The Kyle Report

The Kyle Report

Wednesday, February 3, 2021

Kyle police call city “hotbed for sex offenders”

You can add yet another distinction to the city of Kyle. In addition to being “The Pie Capital of Texas” and whatever honor the city plans to bestow upon itself for selling the first fajita in the entire Free World, the city, according to the police officer whose job it is to monitor such things, can now add the title of “Hotbed for sex offenders.”

And despite cautions from Mayor Travis Mitchell and council member Michael Tobias that the City Council might be trampling on the civil rights of some of its citizens, the majority of the Council voiced arguments last night I had not head in more than 60 years, back during the days when local officials were trying to pass laws prohibiting members of racial minorities from living in certain communities. “As a mother, I just don’t want one of those types of people living next door to me,” said council members Yvonne Flores-Cale and Ashlee Bradshaw.

This all came about during the City Council’s discussion of an idea from the Kyle Police Department that would essentially prohibit a person convicted of a sexual offense against a child from living anywhere in the city. They could purchase a home in Kyle, the police admitted, but they could not live in that home.

“These people do have civil rights,” Tobias said. “They did serve their time. They are paying the price for it. But they are still part of our society, still part of our city. They work. They could be business owners. They could be living a perfectly normal life.”

“But we have to feel safe in our homes,” Flores-Cale said, although she stopped short of advocating a similar ordinance against persons convicted of home invasions, rapes, or even home burglaries.

City attorney Paige Saenz said the courts have ruled such laws are constitutional as long as there are still places within the city in which a sex offender could live. Although it appears there are small pockets on the fringes of the city that would not be covered by the ordinance, it doesn’t appear any residences are located in these pockets. The proposal presented last night would bar a registered sex offender from living anywhere within 1,500 feet from “where children commonly gather.” Mayor Mitchell asked the police department to return with maps that showed what areas would be covered with that footage at various intervals between 1,000 and 1,500 feet from those areas. He did not, however, specifically ask to determine what, if any, type of housing is available in those areas that are not impacted by the ordinance.

It’s also interesting to note that Texas law allows registered sex offenders to carry guns beginning on the fifth year anniversary of being finished with that person’s sentence, including probation. In other words, five years after their sentence, registered sex offenders can drive into Kyle and shoot local citizens, but this ordinance would not allow them to live among them.

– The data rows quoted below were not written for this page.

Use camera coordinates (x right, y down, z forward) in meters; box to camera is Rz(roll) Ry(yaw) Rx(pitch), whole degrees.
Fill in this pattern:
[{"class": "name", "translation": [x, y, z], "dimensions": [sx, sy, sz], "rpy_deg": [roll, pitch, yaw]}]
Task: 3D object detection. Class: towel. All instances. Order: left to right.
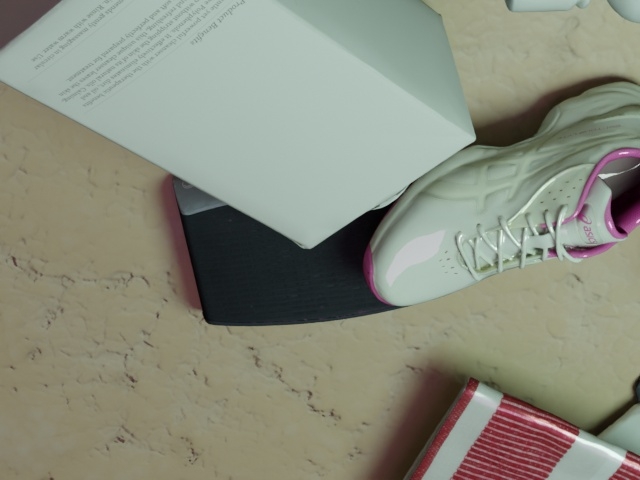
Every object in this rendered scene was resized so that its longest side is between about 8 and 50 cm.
[{"class": "towel", "translation": [0.240, 0.288, 1.589], "dimensions": [0.329, 0.037, 0.237], "rpy_deg": [26, 122, -3]}]

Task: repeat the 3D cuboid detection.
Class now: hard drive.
[{"class": "hard drive", "translation": [0.000, 0.000, 1.507], "dimensions": [0.255, 0.054, 0.172], "rpy_deg": [-7, 121, 5]}]

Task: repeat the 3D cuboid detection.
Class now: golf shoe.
[{"class": "golf shoe", "translation": [0.180, -0.026, 1.408], "dimensions": [0.306, 0.140, 0.115], "rpy_deg": [-31, 123, 1]}]

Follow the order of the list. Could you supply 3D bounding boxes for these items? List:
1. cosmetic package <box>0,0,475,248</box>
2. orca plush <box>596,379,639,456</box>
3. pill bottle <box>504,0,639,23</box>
[{"class": "cosmetic package", "translation": [-0.070, -0.155, 1.272], "dimensions": [0.197, 0.155, 0.365], "rpy_deg": [-32, 140, 27]}, {"class": "orca plush", "translation": [0.398, 0.179, 1.615], "dimensions": [0.287, 0.102, 0.151], "rpy_deg": [-41, 68, 17]}, {"class": "pill bottle", "translation": [0.322, -0.272, 1.255], "dimensions": [0.361, 0.204, 0.204], "rpy_deg": [-3, 121, 2]}]
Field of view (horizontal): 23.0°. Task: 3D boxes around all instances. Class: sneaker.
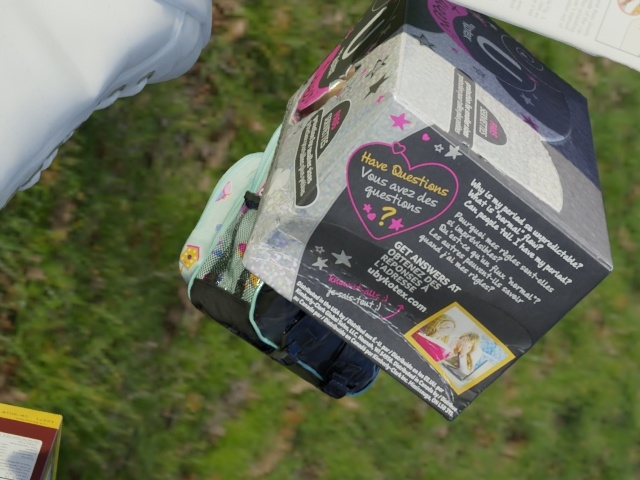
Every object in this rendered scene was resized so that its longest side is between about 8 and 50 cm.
[{"bbox_3d":[-0.121,-0.048,0.498,0.290,0.105,0.123,-6,96,-68],"label":"sneaker"}]

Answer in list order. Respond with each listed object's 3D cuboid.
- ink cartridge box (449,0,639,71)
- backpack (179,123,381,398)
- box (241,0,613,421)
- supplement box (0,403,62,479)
[{"bbox_3d":[0.148,-0.197,0.837,0.066,0.232,0.189,-38,149,-71],"label":"ink cartridge box"},{"bbox_3d":[0.000,0.000,1.179,0.166,0.144,0.188,36,85,-43],"label":"backpack"},{"bbox_3d":[0.067,-0.043,0.954,0.163,0.142,0.247,38,24,-13],"label":"box"},{"bbox_3d":[-0.317,0.273,1.377,0.194,0.129,0.191,-82,-176,-56],"label":"supplement box"}]
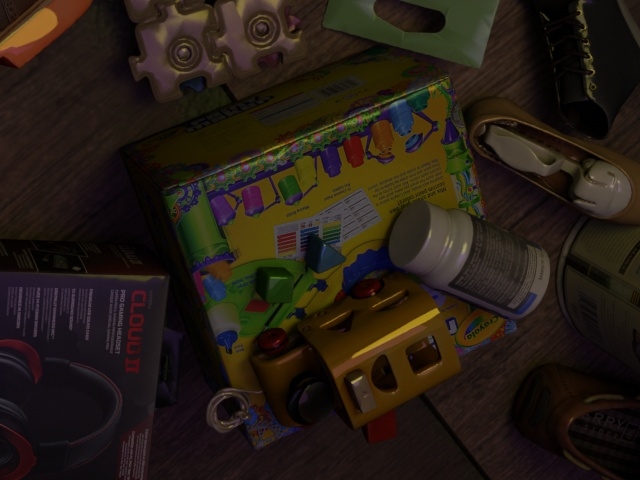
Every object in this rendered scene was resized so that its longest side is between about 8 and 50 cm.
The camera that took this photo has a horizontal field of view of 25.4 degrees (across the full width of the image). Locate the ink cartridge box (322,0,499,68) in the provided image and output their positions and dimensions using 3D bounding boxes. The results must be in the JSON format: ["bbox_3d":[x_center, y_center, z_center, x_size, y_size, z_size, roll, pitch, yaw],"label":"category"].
[{"bbox_3d":[0.106,-0.298,1.362,0.171,0.056,0.235,16,100,4],"label":"ink cartridge box"}]

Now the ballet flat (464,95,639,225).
[{"bbox_3d":[0.249,-0.070,1.463,0.232,0.073,0.080,26,115,4],"label":"ballet flat"}]

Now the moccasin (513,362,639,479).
[{"bbox_3d":[0.407,0.237,1.627,0.380,0.147,0.139,25,96,-26],"label":"moccasin"}]

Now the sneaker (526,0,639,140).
[{"bbox_3d":[0.255,-0.211,1.441,0.222,0.083,0.118,45,55,-27],"label":"sneaker"}]

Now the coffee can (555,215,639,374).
[{"bbox_3d":[0.403,0.068,1.502,0.201,0.275,0.201,-6,109,-19],"label":"coffee can"}]

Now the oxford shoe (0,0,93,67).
[{"bbox_3d":[-0.361,-0.155,1.201,0.364,0.130,0.133,-47,120,-26],"label":"oxford shoe"}]

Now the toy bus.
[{"bbox_3d":[0.025,0.116,1.273,0.191,0.104,0.202,17,100,-25],"label":"toy bus"}]

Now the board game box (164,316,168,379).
[{"bbox_3d":[-0.278,0.097,1.385,0.259,0.039,0.124,-10,109,-20],"label":"board game box"}]

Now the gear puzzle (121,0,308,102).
[{"bbox_3d":[-0.134,-0.306,1.316,0.175,0.044,0.339,-20,109,-13],"label":"gear puzzle"}]

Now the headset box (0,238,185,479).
[{"bbox_3d":[-0.272,0.114,1.313,0.293,0.110,0.218,3,105,-21],"label":"headset box"}]

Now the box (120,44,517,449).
[{"bbox_3d":[0.000,0.000,1.382,0.290,0.177,0.279,-23,113,-14],"label":"box"}]

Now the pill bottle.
[{"bbox_3d":[0.135,0.017,1.299,0.137,0.078,0.078,23,97,-27],"label":"pill bottle"}]
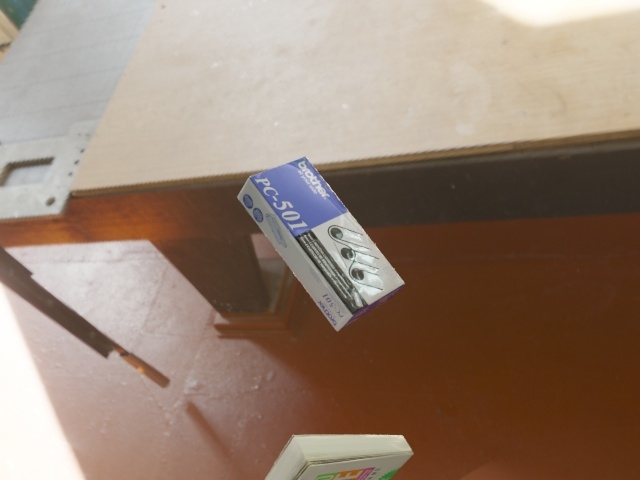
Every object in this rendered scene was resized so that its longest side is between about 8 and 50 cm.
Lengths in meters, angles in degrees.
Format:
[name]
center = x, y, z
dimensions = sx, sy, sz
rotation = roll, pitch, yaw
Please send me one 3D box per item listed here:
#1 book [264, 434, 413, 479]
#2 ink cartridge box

“We’re five minutes south of Austin, right next to San Marcos,” officer Dago Pates, who first came up with the idea for the ordinance, told the Council last night. “We’re a hotbed for sex offenders to want to be in. The price is right, The location is right. We’ve just had an influx of sex offenders coming in.” That “influx,” he said, totaled 68 persons living in Kyle who are registered with the state as a sex offender. The ordinance would not affect any of those 68 who are currently homeowners, but if they are leaseholders, they would be prohibited from renewing those leases. Bradshaw said she would be in favor of riding all 68 out of town on a rail.

The next step is for the Council to consider adopting such an ordinance, which could possibly take two separate votes and, one would assume, a public hearing attached at least to the first reading of the proposal. It is expected the Council will take up debate and possibly vote on a first reading at its next meeting, Feb. 16.